Your goal =>
Read through the material below and copy each line in which the word "least" occurs.

Stored data =>
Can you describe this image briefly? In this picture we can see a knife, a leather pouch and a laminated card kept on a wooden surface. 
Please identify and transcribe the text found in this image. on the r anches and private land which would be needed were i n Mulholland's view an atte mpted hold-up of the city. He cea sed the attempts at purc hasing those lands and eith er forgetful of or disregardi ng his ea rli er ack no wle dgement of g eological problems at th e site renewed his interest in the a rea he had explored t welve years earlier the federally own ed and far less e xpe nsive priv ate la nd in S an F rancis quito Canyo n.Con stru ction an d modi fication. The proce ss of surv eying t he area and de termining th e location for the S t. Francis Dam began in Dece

---

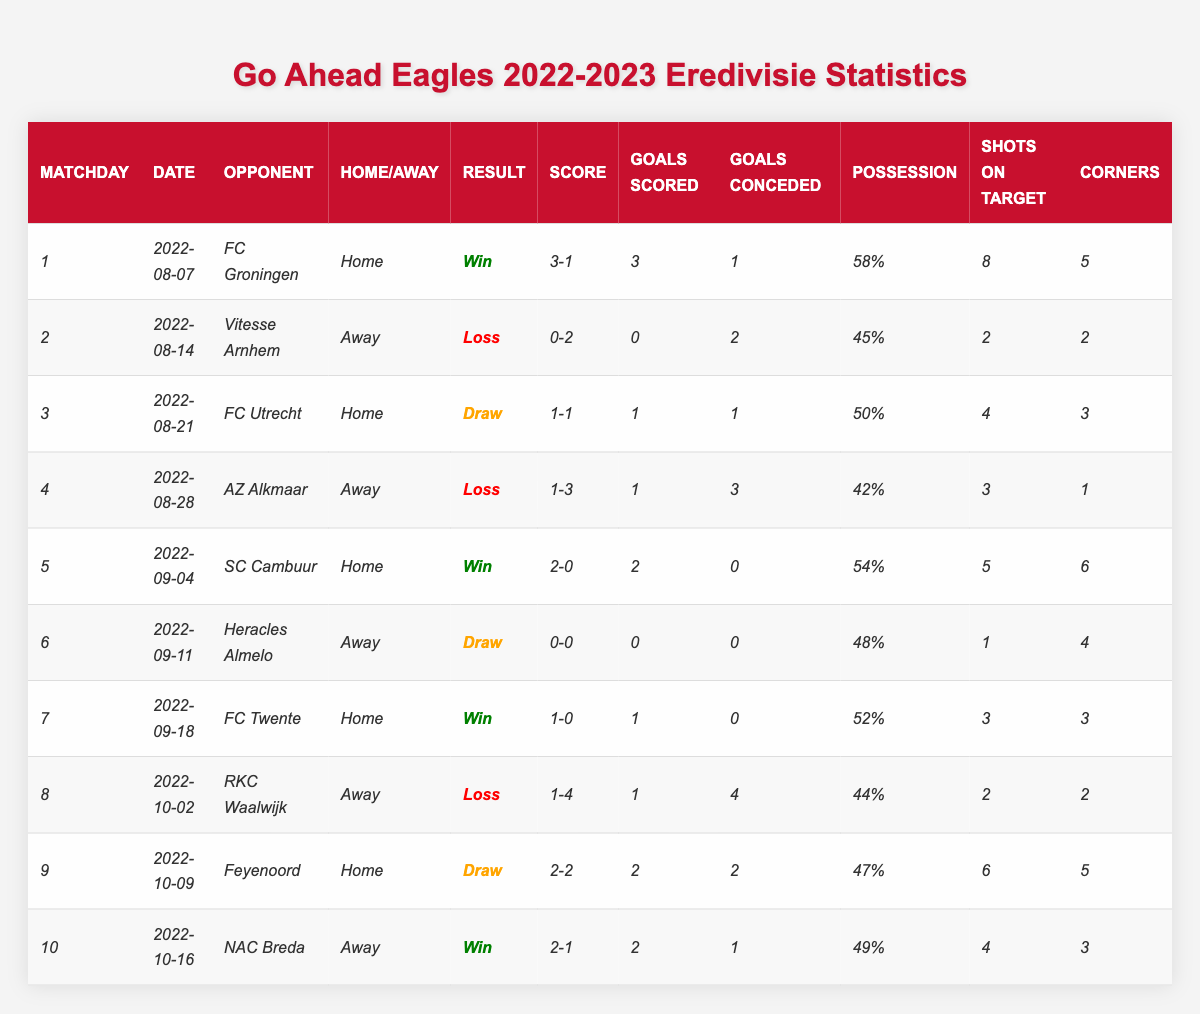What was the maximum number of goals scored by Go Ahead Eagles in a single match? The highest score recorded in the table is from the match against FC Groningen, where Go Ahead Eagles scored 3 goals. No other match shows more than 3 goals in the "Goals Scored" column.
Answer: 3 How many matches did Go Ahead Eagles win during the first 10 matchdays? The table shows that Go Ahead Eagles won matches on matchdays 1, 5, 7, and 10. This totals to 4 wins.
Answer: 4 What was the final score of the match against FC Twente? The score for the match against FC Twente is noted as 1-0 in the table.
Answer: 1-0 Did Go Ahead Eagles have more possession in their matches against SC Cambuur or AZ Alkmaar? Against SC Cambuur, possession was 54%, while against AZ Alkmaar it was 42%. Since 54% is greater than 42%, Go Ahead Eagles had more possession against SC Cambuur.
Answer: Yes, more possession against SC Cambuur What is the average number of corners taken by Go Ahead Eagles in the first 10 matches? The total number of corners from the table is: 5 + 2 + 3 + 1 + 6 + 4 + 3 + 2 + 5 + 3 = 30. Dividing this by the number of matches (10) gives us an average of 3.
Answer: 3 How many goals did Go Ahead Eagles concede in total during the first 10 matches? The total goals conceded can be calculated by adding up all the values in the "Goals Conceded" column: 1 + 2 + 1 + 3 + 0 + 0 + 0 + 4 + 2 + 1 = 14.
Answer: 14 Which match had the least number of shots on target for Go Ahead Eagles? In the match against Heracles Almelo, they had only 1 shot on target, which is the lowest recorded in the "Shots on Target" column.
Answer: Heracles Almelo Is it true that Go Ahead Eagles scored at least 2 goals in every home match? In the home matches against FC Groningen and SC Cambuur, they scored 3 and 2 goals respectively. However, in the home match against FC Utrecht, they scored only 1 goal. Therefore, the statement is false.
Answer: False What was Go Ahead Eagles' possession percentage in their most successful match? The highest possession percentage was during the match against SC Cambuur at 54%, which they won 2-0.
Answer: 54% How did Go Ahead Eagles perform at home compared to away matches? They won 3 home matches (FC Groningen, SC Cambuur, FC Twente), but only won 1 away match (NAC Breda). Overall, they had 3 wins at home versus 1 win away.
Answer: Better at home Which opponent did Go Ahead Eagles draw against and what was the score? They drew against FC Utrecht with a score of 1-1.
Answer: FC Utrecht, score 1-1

...

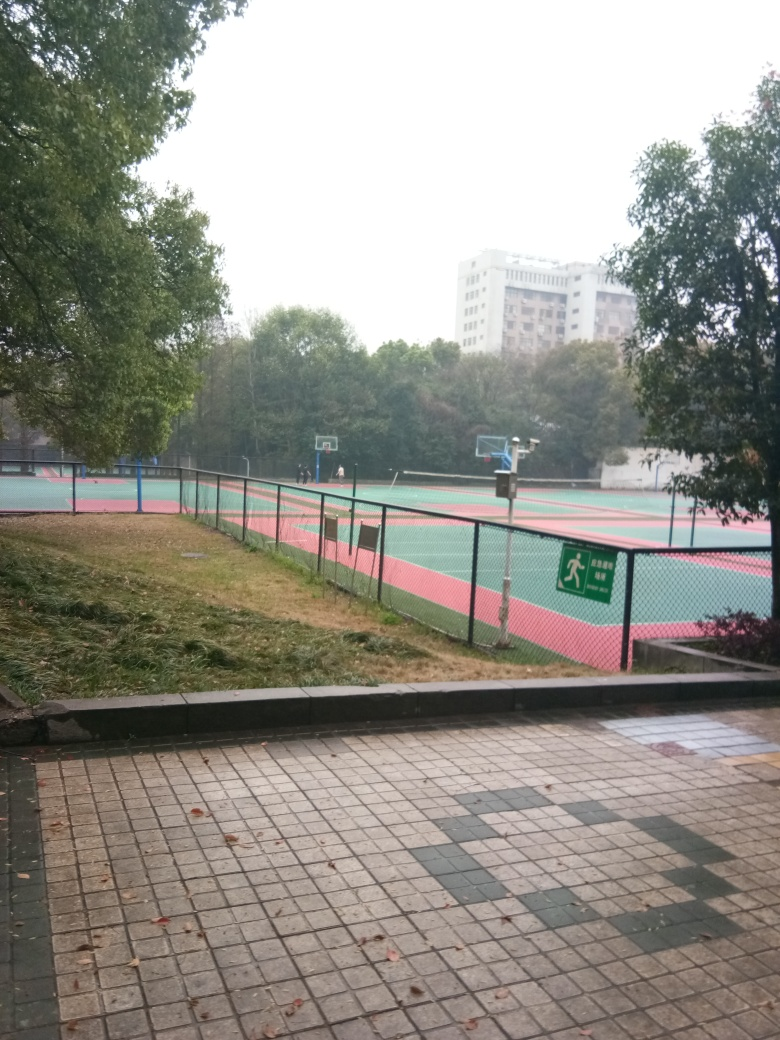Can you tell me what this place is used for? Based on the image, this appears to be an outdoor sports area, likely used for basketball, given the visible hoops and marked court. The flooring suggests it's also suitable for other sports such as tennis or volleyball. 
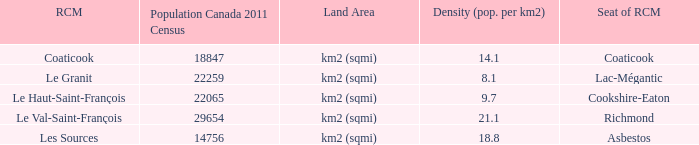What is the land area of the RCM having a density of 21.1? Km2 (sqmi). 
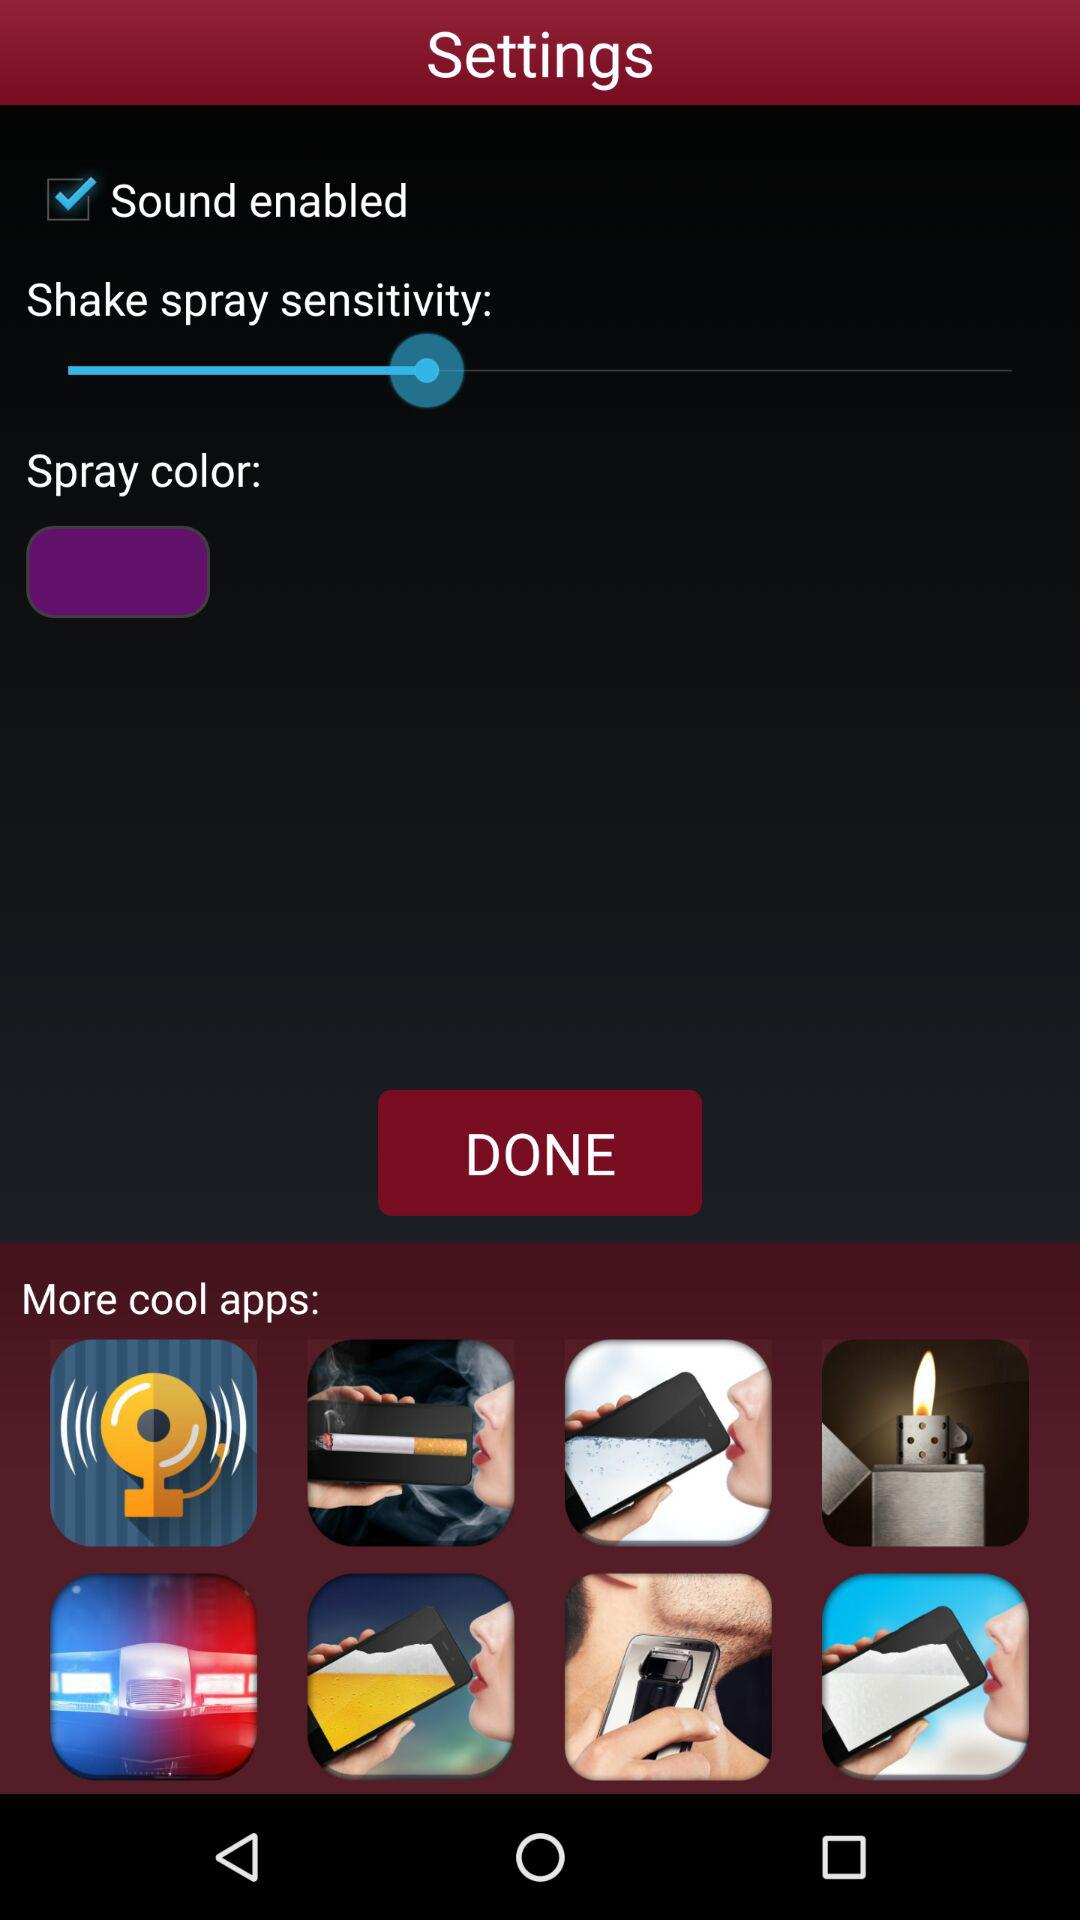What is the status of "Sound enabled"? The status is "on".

Finished task =>
Answer: 14 Which match had the least number of shots on target for Go Ahead Eagles? In the match against Heracles Almelo, they had only 1 shot on target, which is the lowest recorded in the "Shots on Target" column.
Answer: Heracles Almelo Is it true that Go Ahead Eagles scored at least 2 goals in every home match? In the home matches against FC Groningen and SC Cambuur, they scored 3 and 2 goals respectively. However, in the home match against FC Utrecht, they scored only 1 goal. Therefore, the statement is false.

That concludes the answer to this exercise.